A national UBI would work very similarly. The US federal government would employ various strategies (mandatory share issuances, wealth taxes, counter-cyclical asset purchases, etc.) to build up a big wealth fund that owns capital assets.

No, it would not, and for a very basic reason: The Alaska Permanent Fund is based on peaceful transactions among willing counter-parties, whereas the U.S. Federal government owes it very existence to coercion and threats of violence.

The APF takes a portion of the wealth created by extraction of oil owned by the people of Alaska and puts it under the stewardship of investment companies overseen by professionals working for the Fund’s Board of Directors. The investment companies chosen have an ongoing burden to handle the money allocated to them in such a way that it will grow. If they fail they will lose their contracts, so they create carefully balanced portfolios of attractive assets such as stocks, bonds and real estate. No coercion or threats of violence are involved anywhere.

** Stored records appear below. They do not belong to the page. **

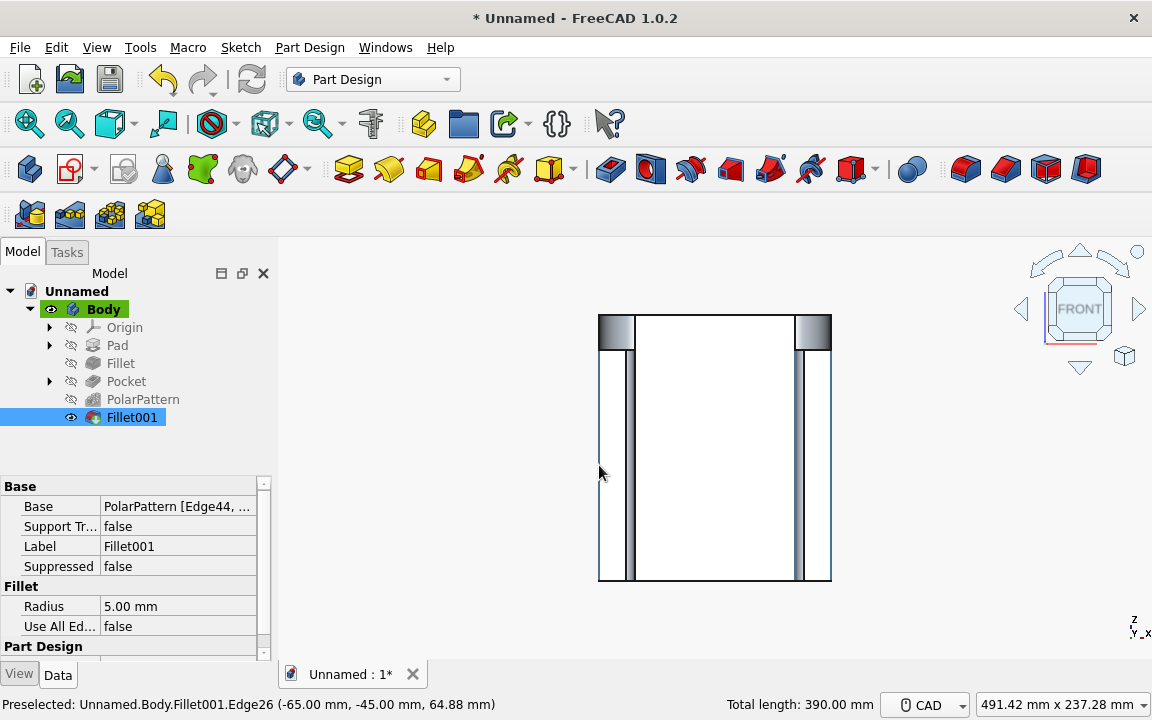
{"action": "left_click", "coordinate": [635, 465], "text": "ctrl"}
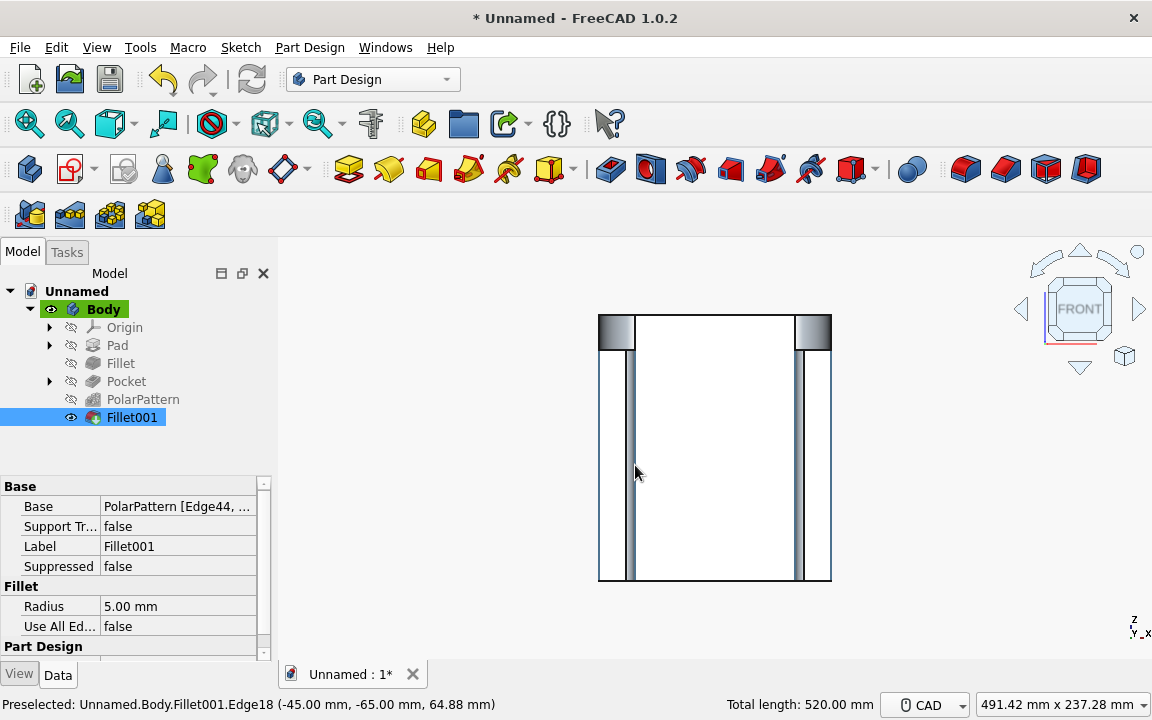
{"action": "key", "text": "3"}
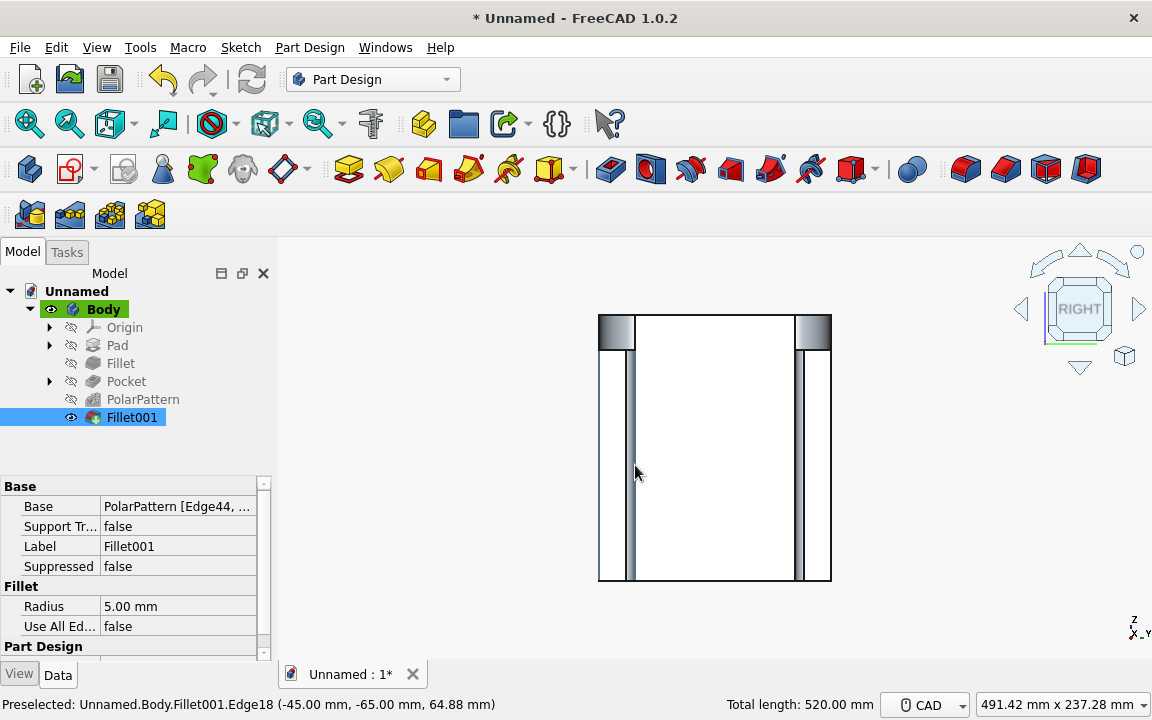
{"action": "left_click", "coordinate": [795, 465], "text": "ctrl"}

Your use of the words “mandatory” and “taxes” brings the difference into focus. No amount of money laundering through the hands of bureaucrats will cleanse the stain of it having been taken by force. Peaceful transactions between willing counter-parties bearing responsibility for their actions result in thoughtful decisions and, ultimately, growth and productivity that benefits everyone. Stolen money, on the other hand, inevitably gets thrown around carelessly and wasted. One needn’t do more than take a glance at the Federal budget to see this in operation.

You should look for some other way to make your point, because the Alaska Permanent Fund comparison will only convince people who aren’t familiar with it or who don’t understand the difference between honest money and stolen money.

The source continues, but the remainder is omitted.